• [Your assignment]: What you return must be the data below, word for word, without any images.

• [Data section]:
▼▼▼

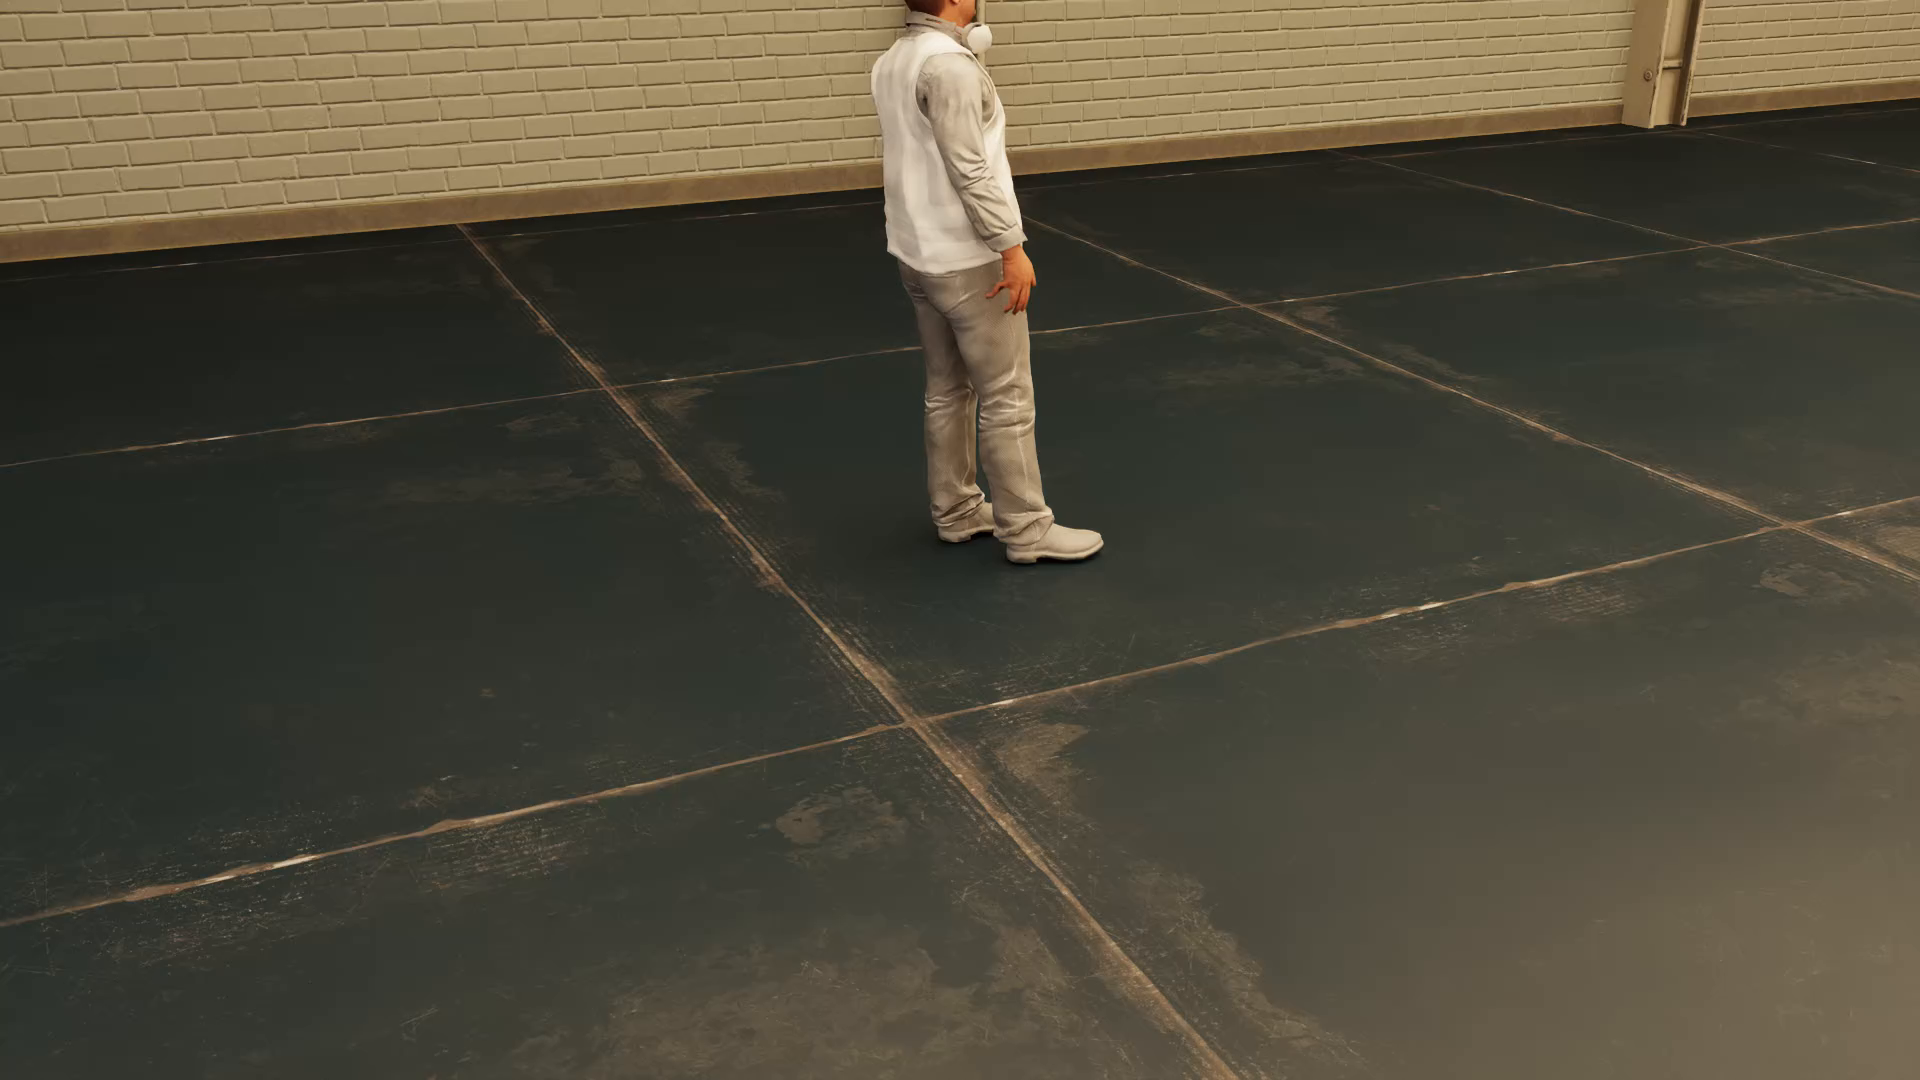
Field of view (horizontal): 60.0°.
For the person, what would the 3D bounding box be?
[{"bbox_3d":[0.060,-0.834,4.782,0.566,1.775,0.634,-10,25,-23],"label":"person"}]

▲▲▲

• [Reply]:
Field of view (horizontal): 60.0°.
For the person, what would the 3D bounding box be?
[{"bbox_3d":[0.060,-0.834,4.782,0.566,1.775,0.634,-10,25,-23],"label":"person"}]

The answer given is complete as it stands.